There are numerous studies demonstrating the upstream regulators of miRNA including key proteins, circular RNA (circRNA), and long non-coding RNA (lncRNA) (Fig. 2). For example, Forkhead box-O 3a (FOXO3a) inhibits β-catenin through transactivating miR-34b/c (93). As mentioned above, Ascl2 negatively regulates the miR-200 family which belongs to tumor suppressors, making Ascl2 a potential target to reverse EMT (75). Hsa_circ_0007059 blocks the Wnt/β-catenin and ERK1/2 pathways by targeting miR-378 in A549 and H1975 cells (172). MiR-106a-3p is a direct target of lncRNA LINC01133 which suppresses gastric cancer metastasis by acting as a competitive endogenous RNA (ceRNA) for miR-106a-3p to regulate APC in Wnt/β-catenin signaling (173). Furthermore, LncRNA H19 (174), lncRNA HOXD-AS1 (175), lncRNA SNHG5 (176) and lncRNA UCA1 (177) were confirmed to regulate the Wnt signaling pathway by targeting miRNAs. All the evidence indicate that multiple miRNA-mediated signal transductions participate in the regulation of EMT. Revealing the connections of miRNAs and their upstream regulators may give us new prospective therapeutic strategies for cancer treatment.

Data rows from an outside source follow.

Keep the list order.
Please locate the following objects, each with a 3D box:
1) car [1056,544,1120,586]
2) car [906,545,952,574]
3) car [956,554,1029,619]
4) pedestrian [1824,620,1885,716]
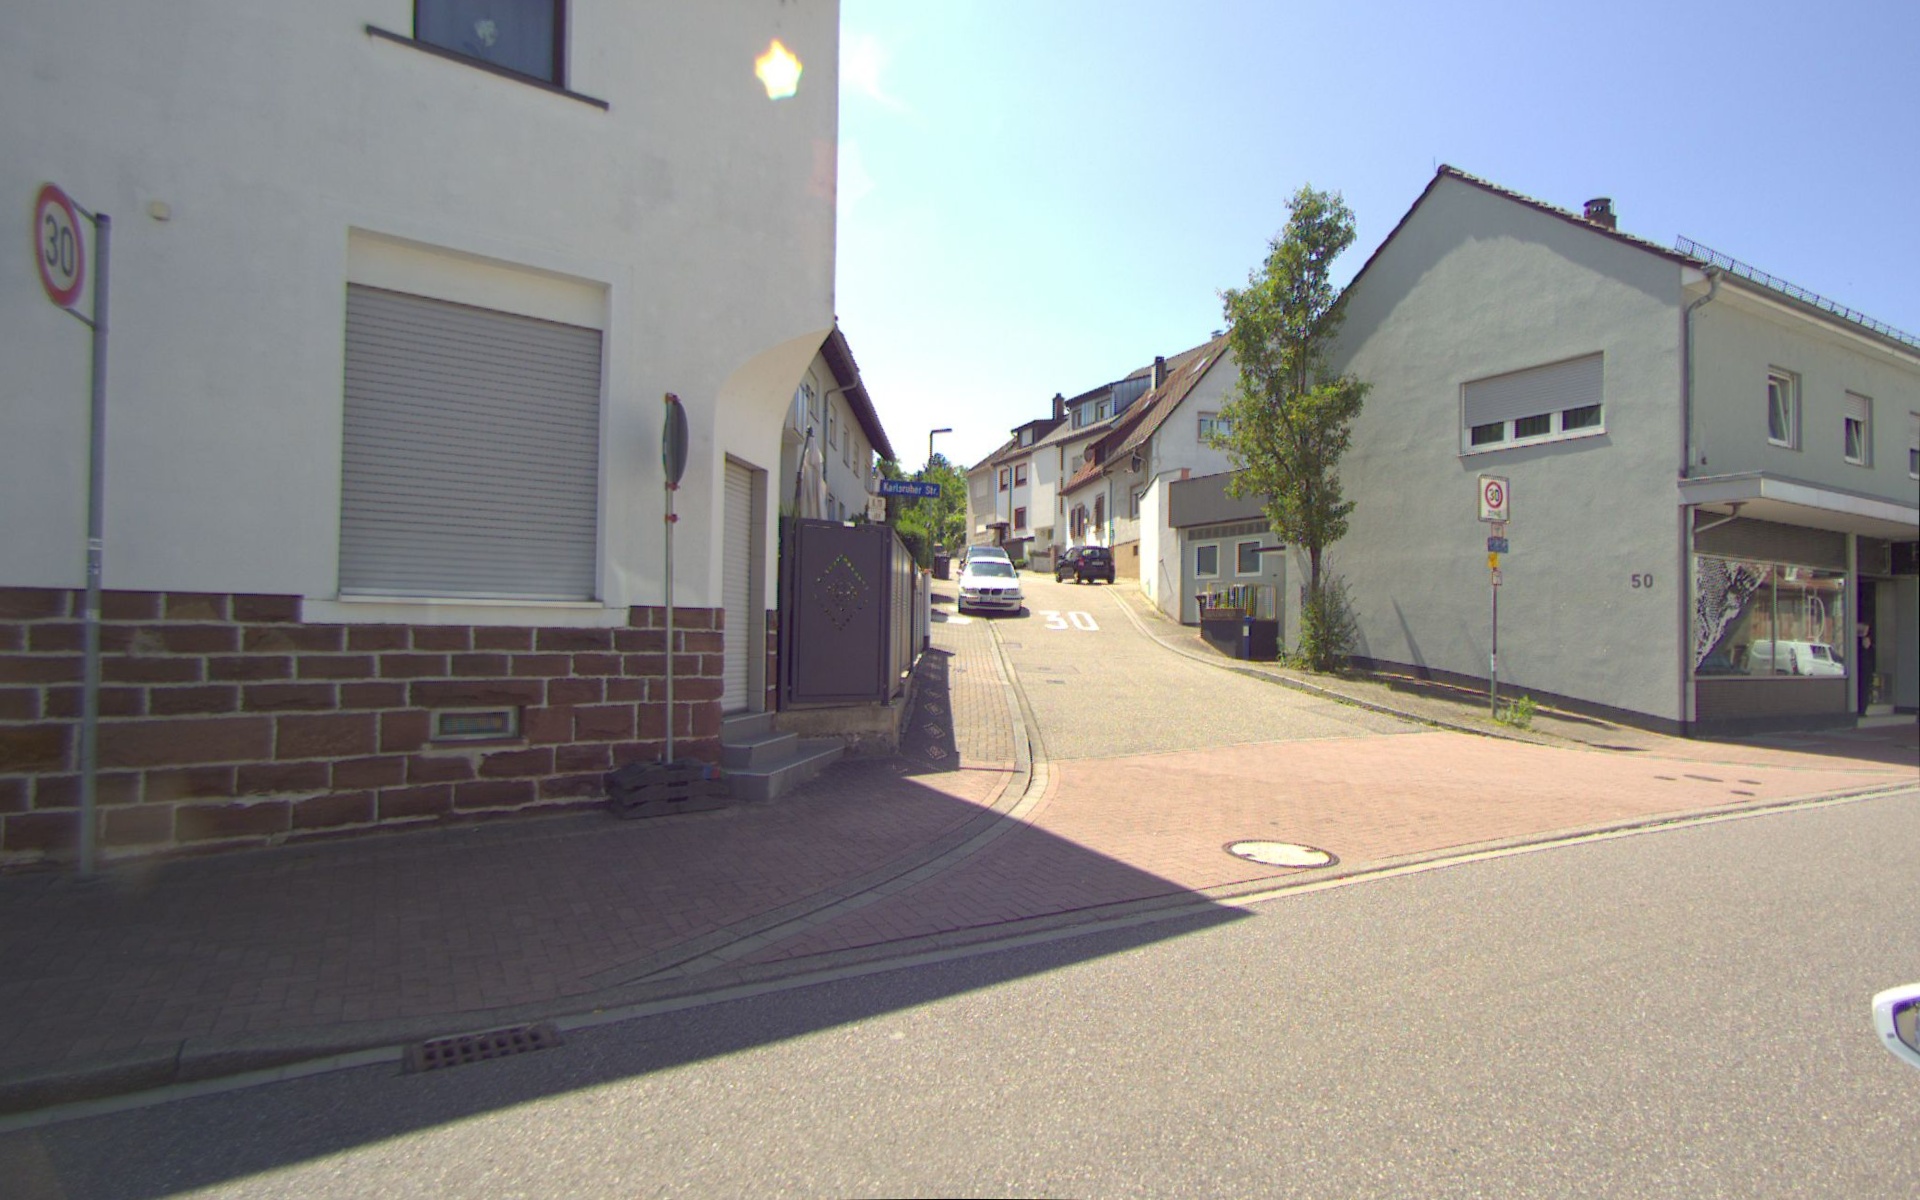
[{"bbox_3d":[5.136,-1.458,40.840,1.651,1.519,3.808,2,4,-7],"label":"car"},{"bbox_3d":[-1.759,-2.293,56.273,1.814,1.484,3.910,1,3,-14],"label":"car"},{"bbox_3d":[0.859,-0.432,27.870,1.809,1.426,3.920,3,5,0],"label":"car"},{"bbox_3d":[16.428,1.241,18.457,0.762,1.707,0.621,2,-1,-30],"label":"pedestrian"}]

Since miRNA has established its role in EMT, the strategy of utilizing miRNA to overcome cancer metastasis has increasingly gained attention. Although the complex mechanism of EMT regulation by miRNA has not been fully defined, miRNAs are still regarded as potential therapeutic implements in cancer (Fig. 2). On the one hand, various methods of directly switching the level of miRNA by miRNA mimics, miRNA sponges, or anti-miRNA oligonucleotides, which are under study for different phases, have been shown to be effective. On the other hand, indirect regulation of miRNAs by affecting upstream regulators (protein, circRNA, lncRNA) or crosstalk with other signaling pathways are also useful approaches to inhibit EMT. Currently, a number of miRNA-based therapies are in clinical trials to treat cancer or other diseases. However, safety concerns regarding miRNA therapy always exist. Off-target side-effects, toxicity, and carcinogenicity of miRNA are important challenges in the development of miRNA therapy. Seeking effective delivery systems for miRNA is also a dilemma, so further research may focus on these issues to improve the utilization value of miRNA therapy.

Conclusion

In conclusion, miRNAs regulate Wnt/β-catenin signaling through targeting transcription factors and key proteins of Wnt signaling or crosstalk with other signaling pathways. However, the complicated role of miRNA as either a tumor suppressor or an oncogene and its underlying mechanism need further exploration. This review, not only provides potential applications of miRNAs as molecular targets in invasive tumor treatment, but also helps us gain a better understanding of the complexity of the EMT process and crosstalk between Wnt/β-catenin and other signaling pathways.